(WHAT THIS TASK INVOLVES) A verbatim copy is needed of the lines below from the one containing "Work item: 3D" up to and including the one containing "1. name: x y z sx sy sz roll pitch yaw", excluding pictures.

Data entries

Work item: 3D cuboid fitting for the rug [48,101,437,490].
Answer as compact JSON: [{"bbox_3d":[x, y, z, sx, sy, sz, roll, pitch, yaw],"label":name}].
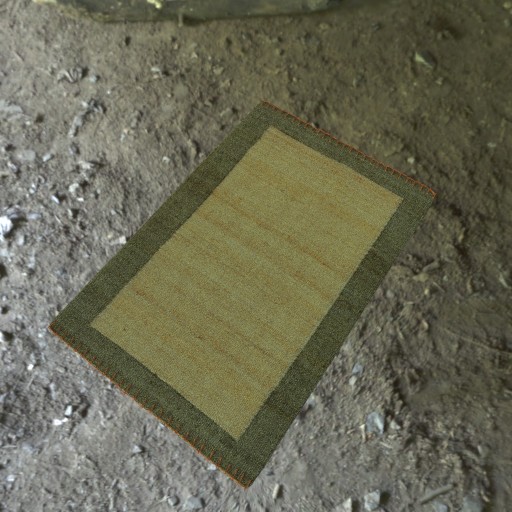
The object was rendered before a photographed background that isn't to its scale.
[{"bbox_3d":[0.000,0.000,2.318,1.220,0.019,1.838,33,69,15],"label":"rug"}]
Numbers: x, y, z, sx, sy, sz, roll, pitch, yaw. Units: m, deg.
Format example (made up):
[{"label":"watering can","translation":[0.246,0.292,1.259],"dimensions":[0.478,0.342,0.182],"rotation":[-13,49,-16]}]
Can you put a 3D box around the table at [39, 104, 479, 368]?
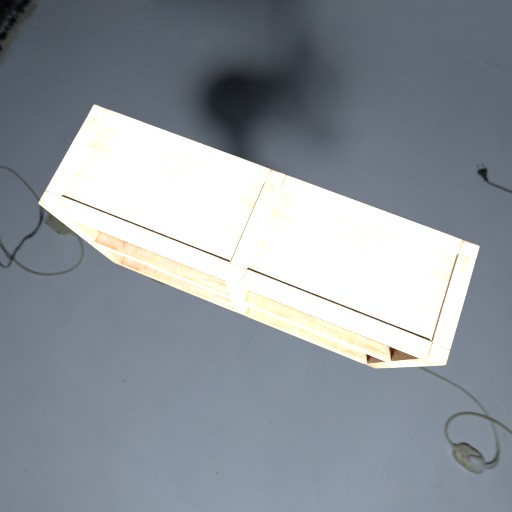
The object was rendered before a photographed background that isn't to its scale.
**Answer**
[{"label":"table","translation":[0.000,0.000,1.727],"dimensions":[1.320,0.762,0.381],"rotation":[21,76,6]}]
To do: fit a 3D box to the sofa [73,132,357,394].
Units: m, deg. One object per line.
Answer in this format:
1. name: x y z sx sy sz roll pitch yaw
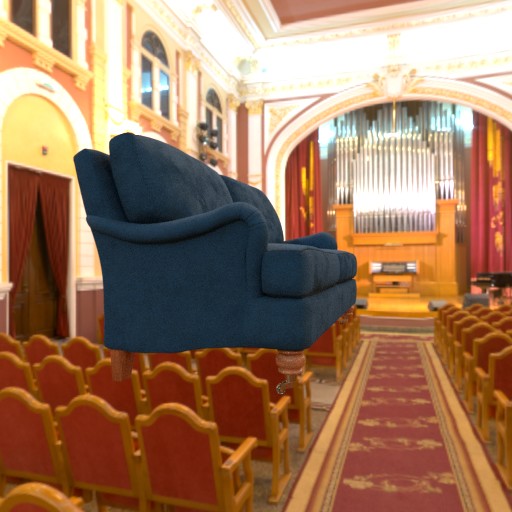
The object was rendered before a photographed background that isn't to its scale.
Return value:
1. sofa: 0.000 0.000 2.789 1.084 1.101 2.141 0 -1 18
...
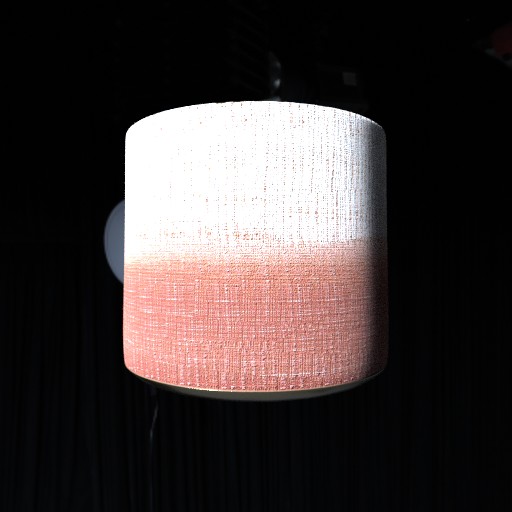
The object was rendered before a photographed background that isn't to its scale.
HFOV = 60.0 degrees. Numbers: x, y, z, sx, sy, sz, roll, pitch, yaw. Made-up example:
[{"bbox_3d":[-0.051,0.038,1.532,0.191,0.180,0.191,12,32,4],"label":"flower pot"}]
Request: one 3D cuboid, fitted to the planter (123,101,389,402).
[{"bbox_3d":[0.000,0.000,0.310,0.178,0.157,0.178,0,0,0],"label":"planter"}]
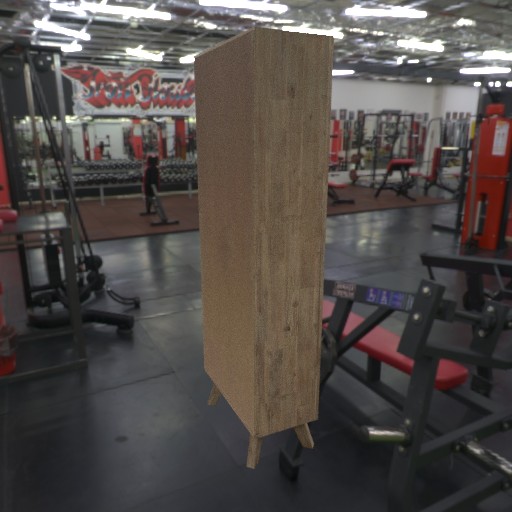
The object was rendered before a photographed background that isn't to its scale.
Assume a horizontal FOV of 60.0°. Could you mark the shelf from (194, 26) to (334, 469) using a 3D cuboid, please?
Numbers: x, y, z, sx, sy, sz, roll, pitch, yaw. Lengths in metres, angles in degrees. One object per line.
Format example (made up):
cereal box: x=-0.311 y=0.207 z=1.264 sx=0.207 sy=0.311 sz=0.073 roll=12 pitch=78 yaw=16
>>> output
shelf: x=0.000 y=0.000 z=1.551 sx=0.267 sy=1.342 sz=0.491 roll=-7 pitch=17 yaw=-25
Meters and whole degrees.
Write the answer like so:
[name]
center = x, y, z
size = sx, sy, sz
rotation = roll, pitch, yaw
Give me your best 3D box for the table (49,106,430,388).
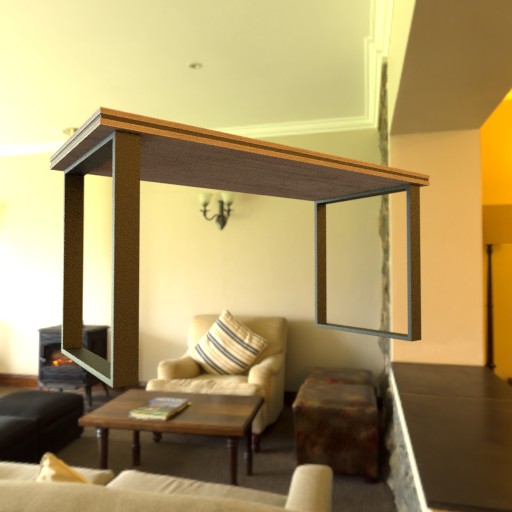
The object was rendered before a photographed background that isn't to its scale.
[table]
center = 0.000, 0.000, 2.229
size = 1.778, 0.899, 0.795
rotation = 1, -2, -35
* * *
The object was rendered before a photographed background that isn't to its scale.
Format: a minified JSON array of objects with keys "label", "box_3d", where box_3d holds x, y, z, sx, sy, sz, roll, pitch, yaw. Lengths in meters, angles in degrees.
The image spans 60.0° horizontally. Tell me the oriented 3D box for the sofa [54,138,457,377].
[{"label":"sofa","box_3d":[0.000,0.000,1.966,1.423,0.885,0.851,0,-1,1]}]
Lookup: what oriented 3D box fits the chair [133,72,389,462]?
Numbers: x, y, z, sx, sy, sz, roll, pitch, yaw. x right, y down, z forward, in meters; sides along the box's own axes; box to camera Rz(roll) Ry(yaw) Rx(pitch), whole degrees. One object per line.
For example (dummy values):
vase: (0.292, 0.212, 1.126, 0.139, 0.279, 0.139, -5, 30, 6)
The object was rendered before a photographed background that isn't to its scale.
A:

(RESPONSE FOR THIS EXERCISE)
Work item: 3D cuboid fitting for the rug [48,101,437,490].
Answer as compact JSON: [{"bbox_3d":[x, y, z, sx, sy, sz, roll, pitch, yaw],"label":name}].
The object was rendered before a photographed background that isn't to its scale.
[{"bbox_3d":[0.000,0.000,2.318,1.220,0.019,1.838,33,69,15],"label":"rug"}]
Numbers: x, y, z, sx, sy, sz, roll, pitch, yaw. Units: m, deg.
Format example (made up):
[{"label":"watering can","translation":[0.246,0.292,1.259],"dimensions":[0.478,0.342,0.182],"rotation":[-13,49,-16]}]
Can you put a 3D box around the table at [39, 104, 479, 368]?
The object was rendered before a photographed background that isn't to its scale.
**Answer**
[{"label":"table","translation":[0.000,0.000,1.727],"dimensions":[1.320,0.762,0.381],"rotation":[21,76,6]}]
To do: fit a 3D box to the sofa [73,132,357,394].
Units: m, deg. One object per line.
Answer in this format:
1. name: x y z sx sy sz roll pitch yaw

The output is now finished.